Was sind die Nachteile der Arbeit für Übersetzungsagenturen?

Kaum Kontakt zur Endkundschaft, Austauschbarkeit von Personen und Texten

Je größer die Agentur, desto größer ist die Gefahr, dass Übersetzungsleistungen als austauschbare Ware betrachtet werden, die von beliebigen Leuten geliefert werden können. Oft erlebt man im Projektmanagement (PM) Menschen, die Texte wahllos bei vielen Freelancern oder über Plattformen anfragen und sich nicht wirklich darum kümmern, ob diese auch tatsächlich dieses Fachgebiet bedienen. Daher ist es wichtig, jeden Text zunächst wenigstens zu überfliegen, um festzustellen, ob er ins eigene „Beuteschema“ passt.

Manchmal wird auch versucht, Aufträge zu vergeben, ohne die betreffenden Dokumente vorher zur Verfügung zu stellen. Darauf sollte man sich grundsätzlich nur einlassen, wenn man die betreffende Person im Projektmanagement schon länger kennt und weiß, dass sie eine gute Vorauswahl trifft. Kommt es trotzdem vor, dass man dann einen Text angenommen hat, der nicht passt, sollte man das direkt anmerken und den Auftrag unter Umständen auch nachträglich – und zwar möglichst schnell – noch ablehnen, damit er anderweitig vergeben werden kann.

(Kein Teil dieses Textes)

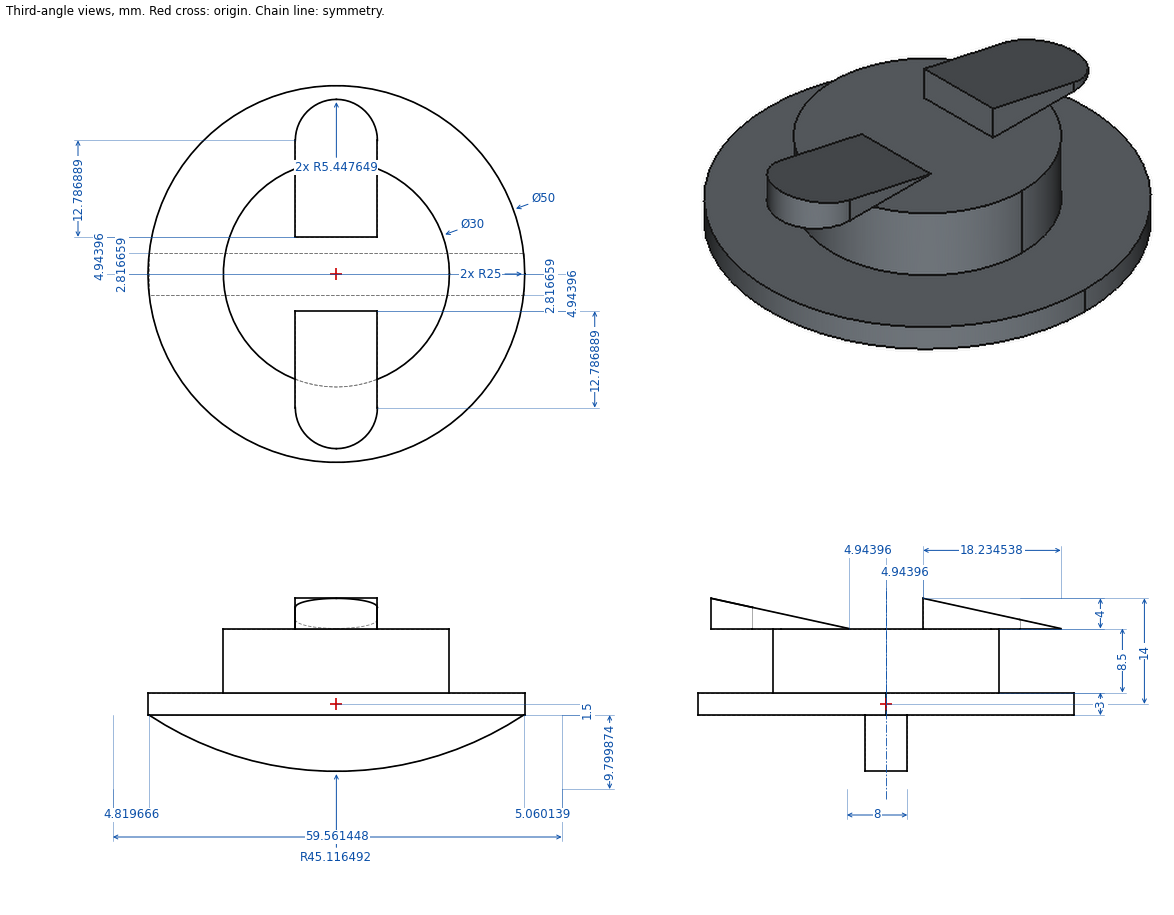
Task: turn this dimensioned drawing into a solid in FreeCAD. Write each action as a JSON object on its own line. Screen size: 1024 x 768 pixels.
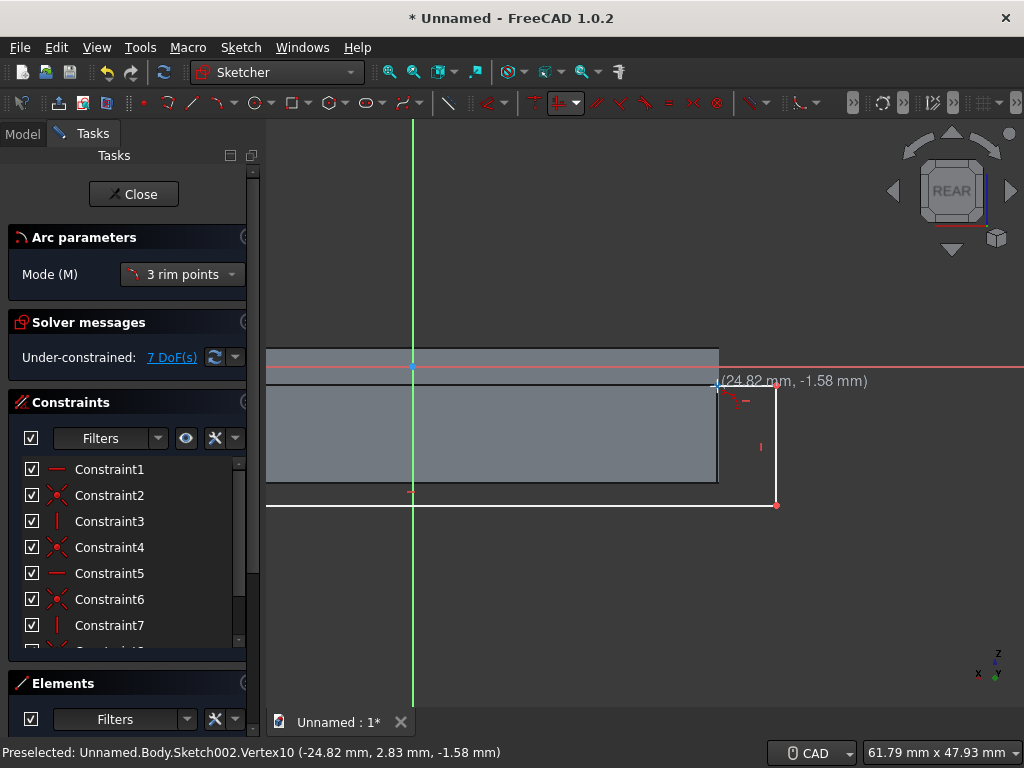
{"action": "scroll", "coordinate": [778, 385], "scroll_direction": "down", "scroll_amount": 3}

Leider erlebe ich es auch oft, dass ich zwar meine Fragen zu einem Dokument in einer separaten Datei zusammenfasse (mache ich immer und versuche, die dann der Kontaktperson zu schicken, sobald ich mit der ersten Rohübersetzung fertig bin), aber dann keine adäquate Reaktion darauf erhalte. Entweder werden meine Fragen gar nicht beantwortet oder es heißt lapidar „übersetzen Sie, was da steht“. Gute Agenturen kennen ihre Endkundschaft teilweise so gut, dass sie die Fragen selbst beantworten können (während wir nur sporadisch für diese Firmen arbeiten, kennen die Leute, die intern mit Revisionen betraut sind, sie unter Umständen in- und auswendig). Zumindest leiten sie aber die Fragen an ihre Kontakte weiter und verstehen, warum es überhaupt erforderlich ist, Fragen zu stellen (und „erziehen“ ihre Kundschaft dementsprechend).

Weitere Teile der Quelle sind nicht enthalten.